Desse metal, foram cunhadas duas medalhas: uma ficou em poder do próprio Arzão; outra, com Velasco e Molina.
Reconheceram os espírito-santenses a grandeza da aventura realizada pelo intimorato bandeirante que, através de trilhas primitivas e lendárias vias fluviais, teve a sinceridade singular de trazer o valioso achado ao seu verdadeiro dono: o Espírito Santo. E seus membros, castigados na caminhada perigosa, a vencer matas e travessias incógnitas, sua tez crestada pelo Sol e seu vestuário andrajoso, foram devidamente reconhecidos, pensados e recompensados. A Câmara da Vila forneceu-lhe roupas, remédios, hospedagem e todas as demais assistências.
Realizava-se, portanto, um capítulo da “bárbara epopeia humana das conquistas”, que o poeta decantaria:
E Rodrigues Arzão, que andou em longes serras
E vales cataguás, ignotos e medonhos,
À caça do gentio, entre insídias e guerras
E busca de um tesouro, em delirantes sonhos!...
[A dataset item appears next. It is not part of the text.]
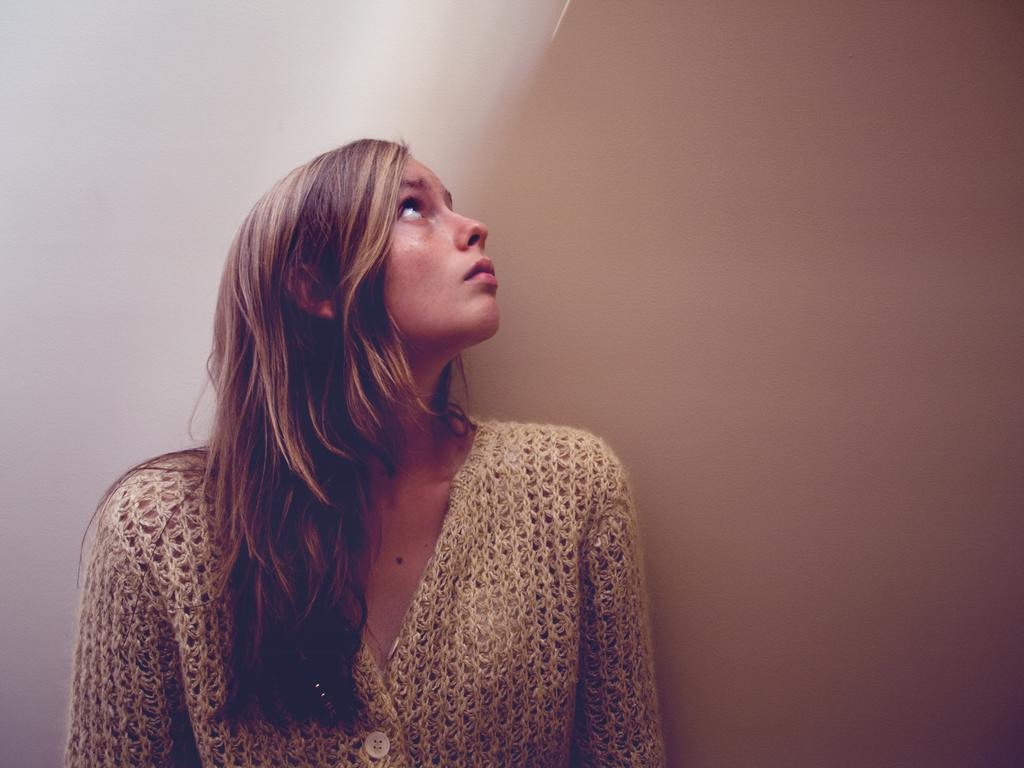Who is the main subject in the foreground of the image? There is a woman in the foreground of the image. What colors are present on the surfaces visible in the image? There are white and brown surfaces visible in the image. What direction is the committee facing in the image? There is no committee present in the image, so it is not possible to determine the direction they might be facing. 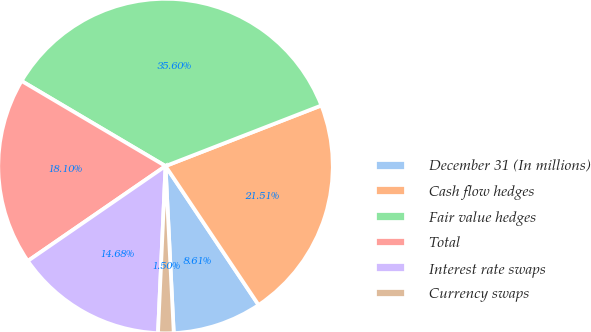<chart> <loc_0><loc_0><loc_500><loc_500><pie_chart><fcel>December 31 (In millions)<fcel>Cash flow hedges<fcel>Fair value hedges<fcel>Total<fcel>Interest rate swaps<fcel>Currency swaps<nl><fcel>8.61%<fcel>21.51%<fcel>35.6%<fcel>18.1%<fcel>14.68%<fcel>1.5%<nl></chart>

A bandeira lá vai. Segue-lhe a esteira o Encanto,
Que há de as terras florir, à luz de um sonho louro...
— E Rodrigues Arzão chega ao Espírito Santo
Para mostrar ao mundo — uma faísca de ouro!
Almeida Cousin — ITAMONTE
Mas o ouro de Arzão motivou um dos mais famosos movimentos históricos do Brasil, decantado na prosa e no verso, e conduziu as autoridades a iniciativas enérgicas relativas à construção de fortalezas, para a guarda do Espírito Santo contra invasões estrangeiras, atraídas pelas notícias das minas auríferas. Veio a proibição de estradas para o Oeste. Ficou, assim, a Capitania impedida de conquistar seu próprio território.
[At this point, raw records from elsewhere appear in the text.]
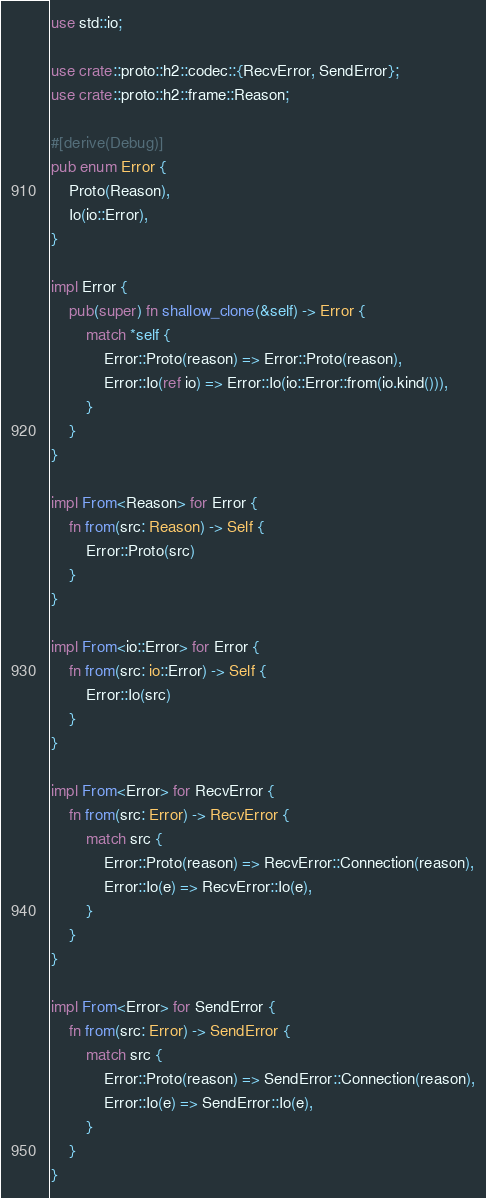<code> <loc_0><loc_0><loc_500><loc_500><_Rust_>use std::io;

use crate::proto::h2::codec::{RecvError, SendError};
use crate::proto::h2::frame::Reason;

#[derive(Debug)]
pub enum Error {
    Proto(Reason),
    Io(io::Error),
}

impl Error {
    pub(super) fn shallow_clone(&self) -> Error {
        match *self {
            Error::Proto(reason) => Error::Proto(reason),
            Error::Io(ref io) => Error::Io(io::Error::from(io.kind())),
        }
    }
}

impl From<Reason> for Error {
    fn from(src: Reason) -> Self {
        Error::Proto(src)
    }
}

impl From<io::Error> for Error {
    fn from(src: io::Error) -> Self {
        Error::Io(src)
    }
}

impl From<Error> for RecvError {
    fn from(src: Error) -> RecvError {
        match src {
            Error::Proto(reason) => RecvError::Connection(reason),
            Error::Io(e) => RecvError::Io(e),
        }
    }
}

impl From<Error> for SendError {
    fn from(src: Error) -> SendError {
        match src {
            Error::Proto(reason) => SendError::Connection(reason),
            Error::Io(e) => SendError::Io(e),
        }
    }
}
</code>

Divulgada a confirmação da descoberta do ouro tão ambicionado, intensificou-se o movimento das bandeiras, resultante, principalmente, da Carta de 1° de março de 1697, na qual o Governador do Rio de Janeiro, Castro Caldas, participava a El-Rei que os paulistas haviam encontrado dezoito a vinte ribeiros de ouro da melhor qualidade, nos sertões de Taubaté. Eram os famosos pactolos. Deslocou-se o povo, numa verdadeira arrancada para o Eldorado Brasileiro, a deslumbrante Aurilândia.
O caminho — Rio de Janeiro a Parati, Taubaté, Pindamonhangaba, Guaratinguetá à garganta do Embaú, na Mantiqueira (atual município de Cruzeiro), era o itinerário seguido pelos que visavam à zona encantada, envolta nas esperanças da riqueza fácil. Dali, subiam os futuros mineradores ao Rio das Mortes, a Ouro Preto, ao Rio das Velhas e a Ribeirão do Carmo. Em face, porém, da extensão a percorrer, o Capitão-General Governador do Rio de Janeiro, que viajara a São Paulo, comunicava a El-Rei, em Ofício de 20 de maio de 1698, o flagelo da fome, que atingia os mineradores. Necessário tornava-se um caminho direto dali para as Gerais, com a redução da viagem a quinze dias. Até então, era de quarenta e cinco a noventa!...(1)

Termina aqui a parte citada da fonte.